The District has also emerged as a vibrant economy. It is home to 177 foreign embassies and the headquarter to many international organizations, trade unions, non-profits, lobbying groups and professional associations. But, when large corporate headquarters expand or relocate to the Washington region, they almost always choose Northern Virginia over Maryland or the District. The District is confined in space to just 68 square miles and has strict building height restrictions. Additionally, the District’s economic development policies suffer from short-term planning with tendencies to change rapidly with political cycles. For example, although not directly related to economic development, the way that the District completely and suddenly changed the structure of commercial property taxes in 2019 created instability for the business community. The District needs a long-term strategy that carefully targets export-base industries for which the District has a comparative advantage.
Between 1998 and 2015, many industries have been growing in the Washington metropolitan area, including Accommodation and Food Services and Educational Services. Conversely, Manufacturing, Retail Trade, and Wholesale Trade were declining sectors across every jurisdiction. The District’s highest growth sector has been in Educational Services (72 percent) and Accommodation and Food Services (67 percent); and, the highest decline sector has been Manufacturing (-38 percent) and Retail Trade (-21 percent) (Appendix C).
Targeting industries that make up the largest portion of the economy is one way of increasing economic development, as those industries have already built a skilled workforce and have existing infrastructure and suppliers in the region, allowing other businesses to start up at lower costs. The largest industries (by employment) in Washington, D.C. are Professional, Scientific, and Technical Services (75,591 people), Public Administration (61,097 people), and Health Care and Social Assistance (37,860 people) (Graph 2). In the following section, I show which industries would be most effective to target with tax incentives by evaluating how effectively the District leverages local comparative advantages in business incentives compared to Baltimore and Virginia Beach, two representative cities for neighboring jurisdictions in Maryland and Virginia, respectively.
Targeting industries of local comparative advantage
To maximize economic development, incentives should be targeted toward industries where the District already has a skilled workforce and infrastructure, allowing it an advantage over other metropolitan areas.

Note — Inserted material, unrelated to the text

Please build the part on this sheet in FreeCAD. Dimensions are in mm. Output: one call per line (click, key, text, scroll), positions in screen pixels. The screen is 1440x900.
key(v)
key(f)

A region is said to have a local comparative advantage if it is capable of producing a good or service at a lower opportunity cost than other regions. In other words, a region has a comparative advantage if it already has a skilled workforce and infrastructure for a specific industry in place, allowing companies to form and expand with relative ease using already existing talent and services. Businesses can minimize average total costs by sharing suppliers, storage centers, and logistics, especially for highly specialized industries. Because costs are lower when there are existing clusters of skilled workers and infrastructure, it is easier for new businesses to form and expand, contributing to economic growth.

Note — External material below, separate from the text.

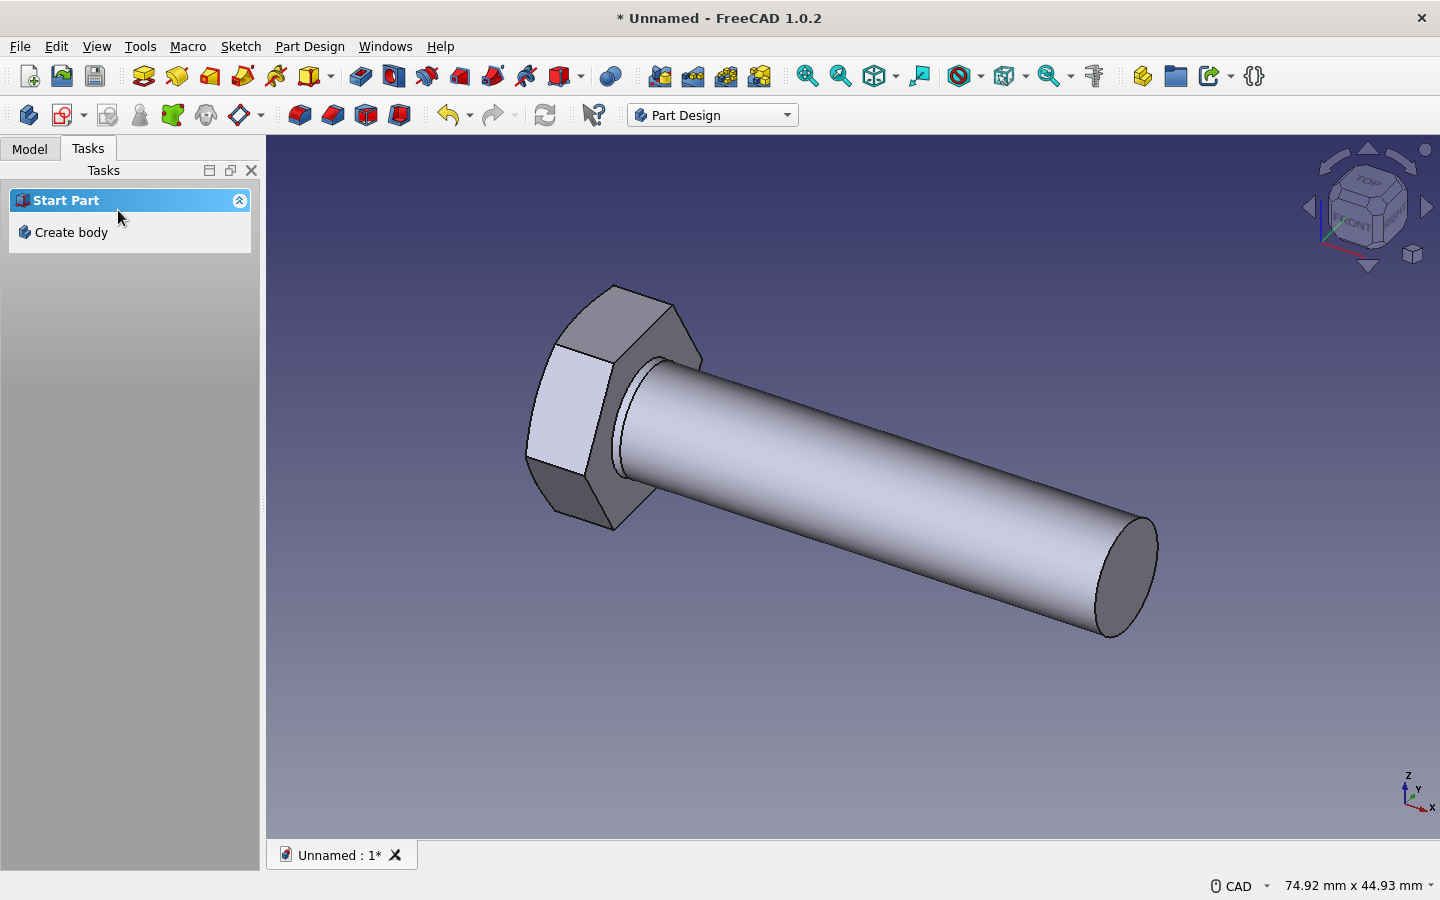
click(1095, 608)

Certain urban centers have high distributions of skills and occupations in a specific industry. For example, New York City is the financial capital and Los Angeles is the entertainment capital of the United States. As such, these cities have a comparative advantage in financial and entertainment industries, respectively. When cities’ have infrastructure and talent within specific industries, it lowers supply costs and increases the knowledge pool, forming an environment conducive to innovation for both startups and corporations. These advantages feed off of each other, translating to more investment and more job creation. To increase economic development, cities should use tax incentives to target and expand industries where they have a comparative advantage.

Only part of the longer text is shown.